This is a minor misunderstanding but I thought I’d offer a slight correction to a meme that seems to be going around.
American AAdvantage began collecting fuel surcharges for flights on British Airways when it entered into a joint venture with BA.
Up until that point you could redeem American miles for travel on British Airways without paying fuel surcharges — but you could not redeem miles for travel between the US and London on BA. (The work around was Canada, the Caribbean, or Mexico.)
Fuel surcharges can add $600 and up to the cost of a frequent flyer ‘free’ award ticket.
British Airways and Iberia have the same corporate parent, and Iberia is a part of the joint venture across the Atlantic as well. American started collecting very modest fuel surcharges for travel on Iberia two years ago. Those charges are akin to what Iberia charges its own members — think $50 not $500.
There’s significant reason to think that American is collecting fuel surcharges on Finnair as well.
- Finnair is now a part of the joint venture across the Atlantic
- When US Airways began collecting fuel surcharges for award travel on British Airways, there were rumors that the airline would collect them for travel on all partners.
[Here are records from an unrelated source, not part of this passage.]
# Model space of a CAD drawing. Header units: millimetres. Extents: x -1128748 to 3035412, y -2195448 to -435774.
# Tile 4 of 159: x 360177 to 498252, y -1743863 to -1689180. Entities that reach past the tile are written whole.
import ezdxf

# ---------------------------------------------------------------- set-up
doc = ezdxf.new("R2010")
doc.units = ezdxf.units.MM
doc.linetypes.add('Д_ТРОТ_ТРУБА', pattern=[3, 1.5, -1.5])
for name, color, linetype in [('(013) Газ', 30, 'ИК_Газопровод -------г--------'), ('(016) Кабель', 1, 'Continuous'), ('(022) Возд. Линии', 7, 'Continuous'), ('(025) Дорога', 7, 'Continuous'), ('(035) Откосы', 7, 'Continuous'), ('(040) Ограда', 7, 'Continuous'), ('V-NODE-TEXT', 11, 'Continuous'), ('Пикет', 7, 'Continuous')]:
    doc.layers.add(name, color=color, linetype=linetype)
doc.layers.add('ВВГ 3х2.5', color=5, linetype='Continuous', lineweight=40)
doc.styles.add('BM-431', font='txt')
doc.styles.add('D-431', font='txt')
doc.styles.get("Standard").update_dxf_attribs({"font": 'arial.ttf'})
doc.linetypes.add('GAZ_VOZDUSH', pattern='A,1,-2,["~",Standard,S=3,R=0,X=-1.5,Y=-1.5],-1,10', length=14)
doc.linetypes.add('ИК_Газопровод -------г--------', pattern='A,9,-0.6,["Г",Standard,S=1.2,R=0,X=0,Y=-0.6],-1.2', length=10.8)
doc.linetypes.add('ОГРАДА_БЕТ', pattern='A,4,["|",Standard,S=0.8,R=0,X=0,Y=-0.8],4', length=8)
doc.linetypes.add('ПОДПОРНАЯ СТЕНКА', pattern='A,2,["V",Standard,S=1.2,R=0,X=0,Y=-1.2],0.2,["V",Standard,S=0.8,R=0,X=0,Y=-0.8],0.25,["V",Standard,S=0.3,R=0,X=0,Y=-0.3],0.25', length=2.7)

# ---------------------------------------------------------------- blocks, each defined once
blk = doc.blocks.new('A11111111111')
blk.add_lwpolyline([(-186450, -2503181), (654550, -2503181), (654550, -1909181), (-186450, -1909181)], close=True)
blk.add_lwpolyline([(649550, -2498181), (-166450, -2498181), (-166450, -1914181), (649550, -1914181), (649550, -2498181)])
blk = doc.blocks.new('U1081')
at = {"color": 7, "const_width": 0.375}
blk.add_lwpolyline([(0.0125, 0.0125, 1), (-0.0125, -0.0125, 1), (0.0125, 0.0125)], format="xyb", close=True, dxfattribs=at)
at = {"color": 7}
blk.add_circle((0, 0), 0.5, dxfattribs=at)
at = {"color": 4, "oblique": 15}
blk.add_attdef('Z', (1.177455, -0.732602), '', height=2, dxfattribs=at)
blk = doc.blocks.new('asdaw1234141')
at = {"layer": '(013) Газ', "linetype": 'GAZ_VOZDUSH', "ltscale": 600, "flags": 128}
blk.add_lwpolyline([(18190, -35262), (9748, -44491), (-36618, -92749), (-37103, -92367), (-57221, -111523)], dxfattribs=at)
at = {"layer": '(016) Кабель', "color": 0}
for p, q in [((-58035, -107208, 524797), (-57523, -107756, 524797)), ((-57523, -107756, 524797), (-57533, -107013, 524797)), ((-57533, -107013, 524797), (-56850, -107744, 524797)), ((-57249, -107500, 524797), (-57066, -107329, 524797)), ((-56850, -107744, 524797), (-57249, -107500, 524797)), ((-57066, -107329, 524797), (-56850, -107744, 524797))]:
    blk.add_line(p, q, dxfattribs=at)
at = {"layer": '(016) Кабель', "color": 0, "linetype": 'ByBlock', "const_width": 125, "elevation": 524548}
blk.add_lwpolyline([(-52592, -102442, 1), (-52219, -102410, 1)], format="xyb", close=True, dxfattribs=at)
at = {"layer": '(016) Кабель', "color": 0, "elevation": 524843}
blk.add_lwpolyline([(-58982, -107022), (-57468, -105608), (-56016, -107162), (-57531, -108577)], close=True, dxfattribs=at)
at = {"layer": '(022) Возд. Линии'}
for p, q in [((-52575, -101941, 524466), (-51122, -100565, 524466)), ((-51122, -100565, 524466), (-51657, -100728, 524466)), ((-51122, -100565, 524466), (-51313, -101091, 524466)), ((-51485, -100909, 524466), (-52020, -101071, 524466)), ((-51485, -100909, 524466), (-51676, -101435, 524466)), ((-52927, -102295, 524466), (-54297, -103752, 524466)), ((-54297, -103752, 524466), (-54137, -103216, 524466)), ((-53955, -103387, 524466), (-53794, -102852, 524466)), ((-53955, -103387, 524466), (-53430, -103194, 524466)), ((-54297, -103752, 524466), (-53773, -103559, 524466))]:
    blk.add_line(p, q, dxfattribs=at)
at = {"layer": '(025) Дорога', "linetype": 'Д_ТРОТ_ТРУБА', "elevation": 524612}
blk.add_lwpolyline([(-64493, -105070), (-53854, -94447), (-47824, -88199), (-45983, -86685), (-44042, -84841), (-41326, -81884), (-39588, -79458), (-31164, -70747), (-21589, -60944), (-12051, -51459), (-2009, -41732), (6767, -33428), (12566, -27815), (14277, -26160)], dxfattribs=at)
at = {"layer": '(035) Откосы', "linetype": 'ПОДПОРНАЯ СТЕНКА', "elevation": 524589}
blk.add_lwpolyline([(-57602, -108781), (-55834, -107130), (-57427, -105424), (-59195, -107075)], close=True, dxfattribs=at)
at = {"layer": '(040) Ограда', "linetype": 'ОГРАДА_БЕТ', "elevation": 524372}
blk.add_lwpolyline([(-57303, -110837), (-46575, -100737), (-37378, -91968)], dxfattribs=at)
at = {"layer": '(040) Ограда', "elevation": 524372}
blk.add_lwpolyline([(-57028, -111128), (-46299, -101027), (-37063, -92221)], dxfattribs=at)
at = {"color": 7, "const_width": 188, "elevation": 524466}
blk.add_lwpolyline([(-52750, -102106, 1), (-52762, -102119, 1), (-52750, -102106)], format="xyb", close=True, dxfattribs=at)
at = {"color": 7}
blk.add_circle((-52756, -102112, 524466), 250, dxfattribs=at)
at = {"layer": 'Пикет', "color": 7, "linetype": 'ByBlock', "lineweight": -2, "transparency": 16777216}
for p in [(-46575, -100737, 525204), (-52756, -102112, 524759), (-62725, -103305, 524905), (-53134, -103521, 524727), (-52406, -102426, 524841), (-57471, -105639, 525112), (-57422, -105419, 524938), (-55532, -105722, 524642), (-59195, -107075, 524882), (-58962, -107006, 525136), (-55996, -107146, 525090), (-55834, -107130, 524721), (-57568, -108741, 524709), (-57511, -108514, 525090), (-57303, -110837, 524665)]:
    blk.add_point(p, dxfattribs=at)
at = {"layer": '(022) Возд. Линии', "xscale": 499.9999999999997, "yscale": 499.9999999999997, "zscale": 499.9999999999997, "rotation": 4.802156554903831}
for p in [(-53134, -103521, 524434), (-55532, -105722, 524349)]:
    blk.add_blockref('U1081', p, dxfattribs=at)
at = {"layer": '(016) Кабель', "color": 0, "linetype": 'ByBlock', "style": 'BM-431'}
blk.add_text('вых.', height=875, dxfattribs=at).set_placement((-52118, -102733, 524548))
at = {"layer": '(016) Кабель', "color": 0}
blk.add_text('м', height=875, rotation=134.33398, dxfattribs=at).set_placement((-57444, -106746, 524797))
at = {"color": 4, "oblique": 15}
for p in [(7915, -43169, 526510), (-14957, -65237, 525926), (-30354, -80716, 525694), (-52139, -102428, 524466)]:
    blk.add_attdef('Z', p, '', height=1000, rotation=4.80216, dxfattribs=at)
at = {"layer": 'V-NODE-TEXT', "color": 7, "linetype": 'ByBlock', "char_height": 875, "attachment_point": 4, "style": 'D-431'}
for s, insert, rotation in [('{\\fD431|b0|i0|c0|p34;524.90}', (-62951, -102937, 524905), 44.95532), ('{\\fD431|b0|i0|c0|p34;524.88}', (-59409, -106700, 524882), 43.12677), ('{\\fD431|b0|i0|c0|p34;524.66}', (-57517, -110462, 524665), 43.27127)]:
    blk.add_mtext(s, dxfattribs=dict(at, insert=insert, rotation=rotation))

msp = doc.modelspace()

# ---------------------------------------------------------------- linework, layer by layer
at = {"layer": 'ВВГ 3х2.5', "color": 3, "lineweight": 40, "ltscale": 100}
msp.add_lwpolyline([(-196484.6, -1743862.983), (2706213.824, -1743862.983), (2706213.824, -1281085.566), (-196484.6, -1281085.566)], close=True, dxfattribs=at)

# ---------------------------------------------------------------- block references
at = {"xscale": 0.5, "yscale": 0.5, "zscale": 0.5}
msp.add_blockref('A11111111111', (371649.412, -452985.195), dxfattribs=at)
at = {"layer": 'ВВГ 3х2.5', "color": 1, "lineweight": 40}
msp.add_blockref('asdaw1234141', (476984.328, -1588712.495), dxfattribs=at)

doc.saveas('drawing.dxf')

American’s PR department made clear that they would only be collected for travel on British Airways, Iberia, and Finnair
That’s not one that American had ever collected fuel surcharges on.
I saw a post on another blog this morning mentioning BA, Iberia, and Finnair as the carriers that American AAdvantage imposes fuel surcharges when redeeming for. But the truth is, they don’t.
Here’s a quick search for a Finnair award itinerary, it’s business class one-way and coach the other, but the key is that taxes and fees are what you would expect without fuel surcharges.
This could change in the future, but for now it’s only British Airways and Iberia on which AAdvantage is collecting fuel surcharges. And only BA where those charges are especially material.
And I do not expect fuel surcharges to spread wildly in the AAdvantage program, either. Delta doesn’t impose them on most partners for travel originating in North America. United doesn’t impose them at all. That makes AAdvantage awards already more expensive, in many ways (before any saver award chart changes), than competitor awards since their primary transatlantic partner incurs choke-worthy junk fees.
- You can join the 40,000+ people who see these deals and analysis every day — sign up to receive posts by email (just one e-mail per day) or subscribe to the RSS feed. It’s free. You can also follow me on Twitter for the latest deals. Don’t miss out!
That is not really the correct usage of the word meme.
Wow, I assumed that it didn’t really matter since I’ve never seen any Finnair business class transatlantic space!
I don’t particularly have a problem with them getting bad press about fuel surcharges. If you intend to redeem miles to certain destination these surcharges can make AA a very poor choice as a primary carrier to collect miles on.
@Gene, JFK I’ve never had issues finding space from JFK or Toronto. It’s a lot easier to find than AA biz….
I realize BA YQ is way worse than IB YQ but IB YQ triggers all sorts of taxes which are only charged on Paid Tickets meaning that an Award Ticket involving IB segments will suddenly be fare more expensive than the max 30 Euros per segment YQ charge.
AA’s agents are also very bad at breaking down pricing and have been known to hang up on customers who dispute the charges.
@ Tommy777 — I guess I shouldn’t have written Finnair off so quickly. It’s always good to know there is another option for crossing the Atlantic in a premium cabin without paying fuel surcharges, especially on a OneWorld carrier.
@Tommy777 I believe Finnair flies to three cities in North America JFK, Toronto and Miami. So potential use of AA miles from all three cities.